EXERCISE: Once every line in the data that follows has been checked for the word "bonds", give only the number of lines that hold it.

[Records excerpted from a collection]
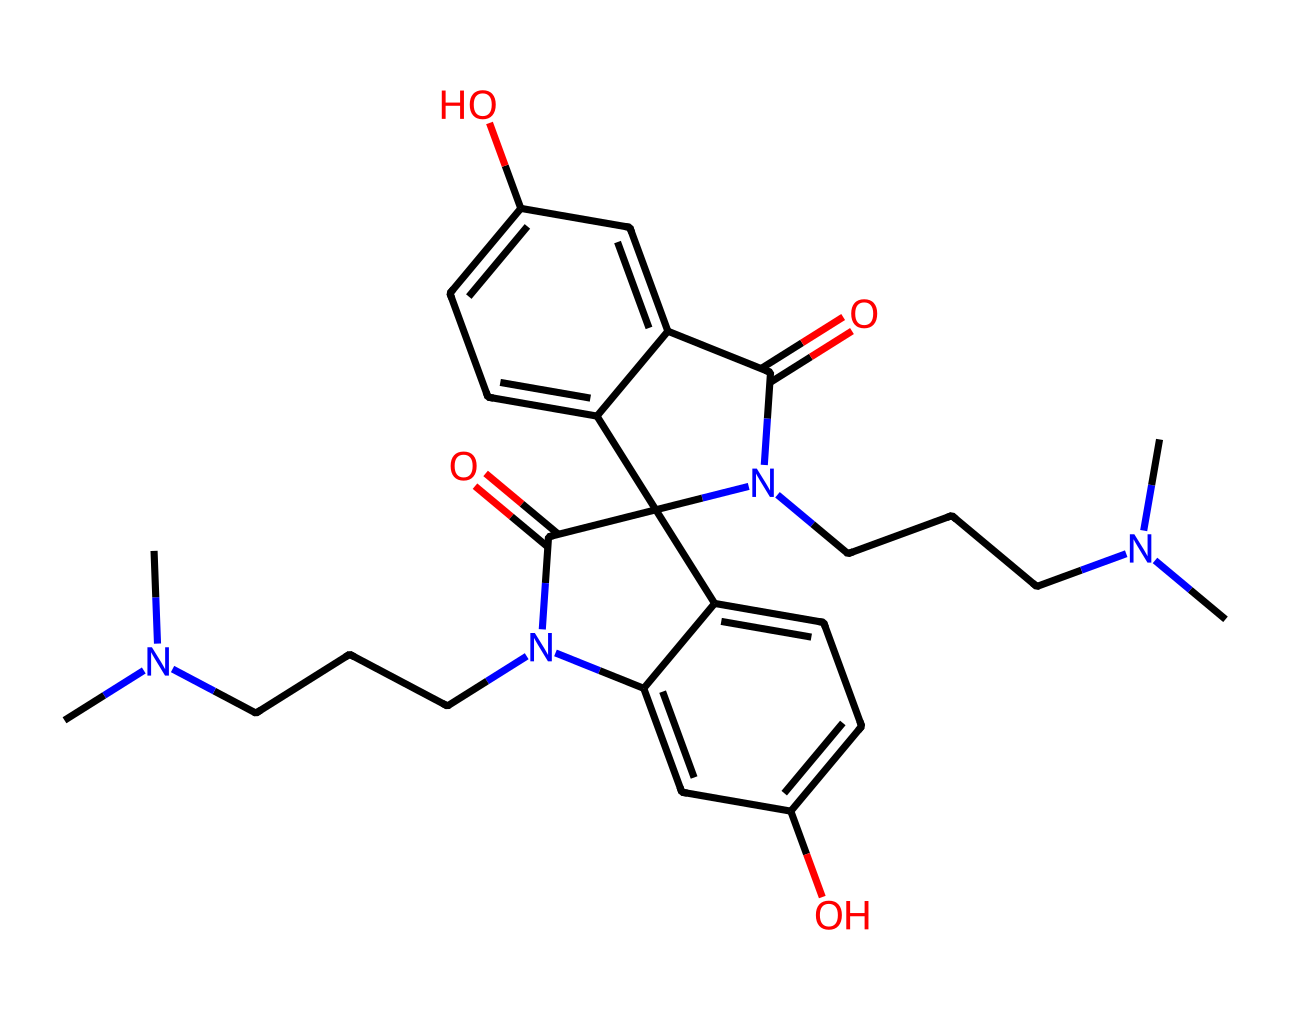What is the total number of nitrogen atoms in this chemical structure? The SMILES representation includes 'N', which denotes nitrogen atoms. Counting them, we find two nitrogen atoms present in the structure.
Answer: two How many hydroxyl (-OH) groups are present in this chemical? In the SMILES representation, the 'O' before 'cc' indicates the presence of hydroxyl groups. There are two occurrences of "O" in the structure relating to hydroxyl, signifying two hydroxyl groups.
Answer: two Identify the type of bonding that indicates the presence of aromatic rings in this chemical. The presence of 'c' in the SMILES denotes aromatic carbon atoms. By analyzing the connections among them, we can conclude that this compound contains multiple aromatic rings due to several adjacent 'c'-based bonds.
Answer: aromatic Is this chemical likely to fluoresce under UV light? Why? The presence of multiple conjugated systems, often signaled by alternating double bonds and aromatic rings in its structure, suggests that it can absorb certain wavelengths of light, causing fluorescence under UV light.
Answer: yes What type of chemical classification does this compound belong to? This compound is characterized by its ability to react to light, which typically identifies it as a photoreactive chemical. Given the structure and presence of nitrogen and oxygen, it also falls under the category of organic compounds.
Answer: photoreactive chemical 
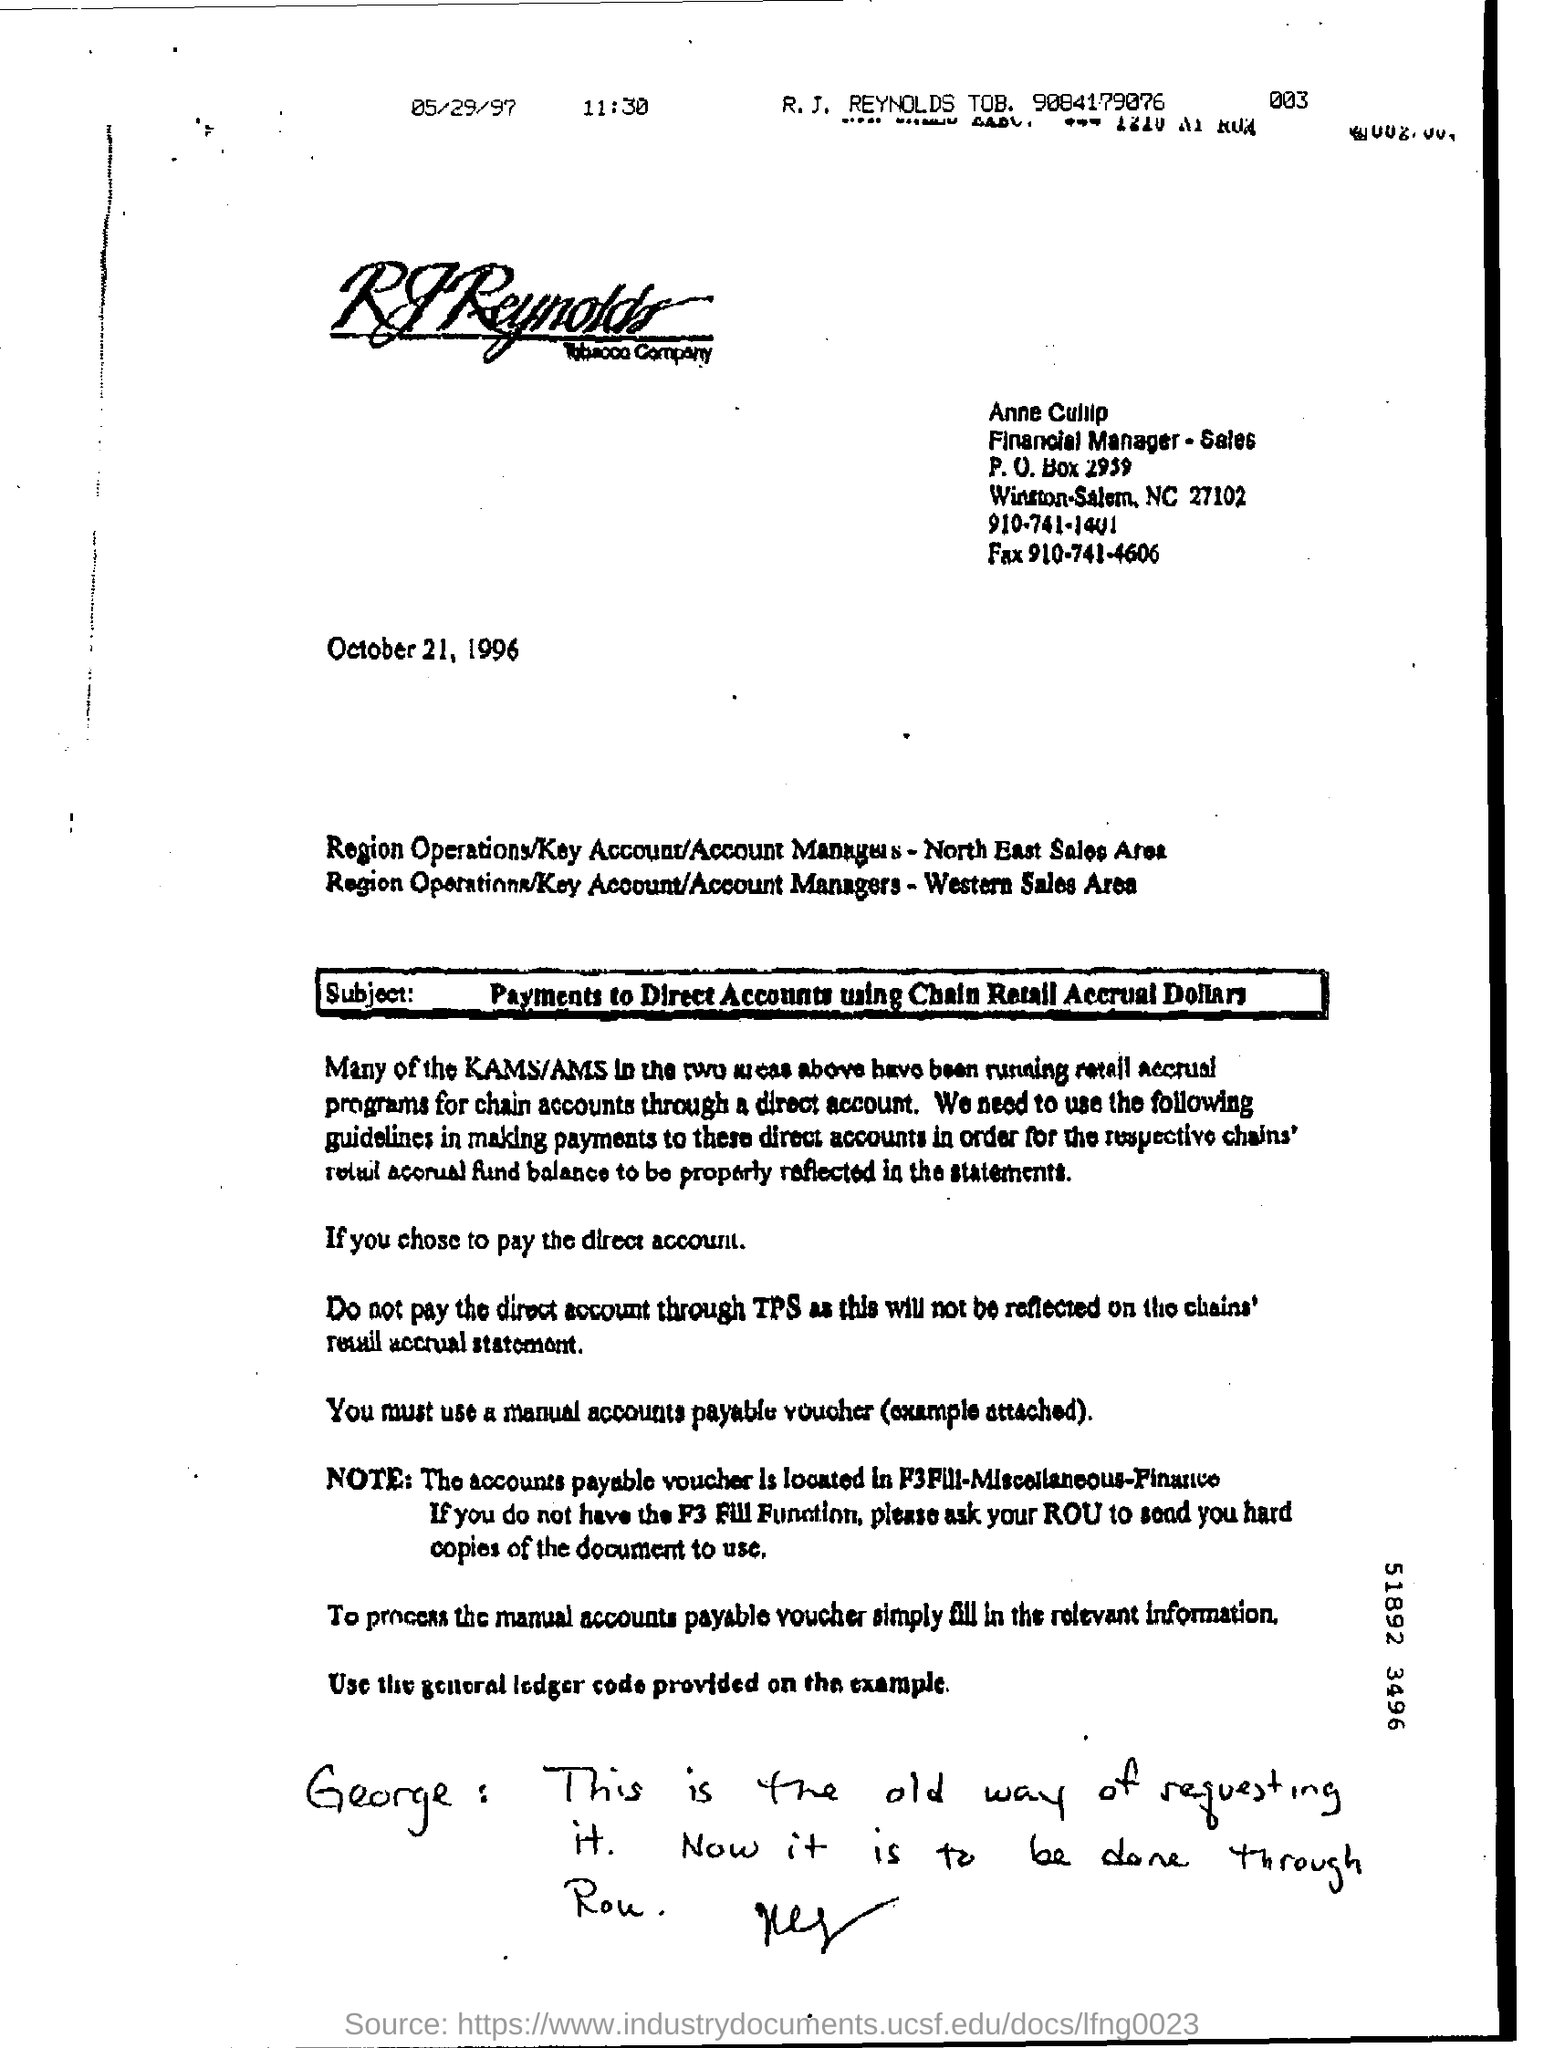Indicate a few pertinent items in this graphic. The letter head mentions a company that is associated with tobacco. This letter is dated October 21, 1996. The subject mentioned in the letter is the use of Chain Retail Accrual Dollars for making payments to Direct Accounts.

SOLUTION TO THE PROBLEM: 2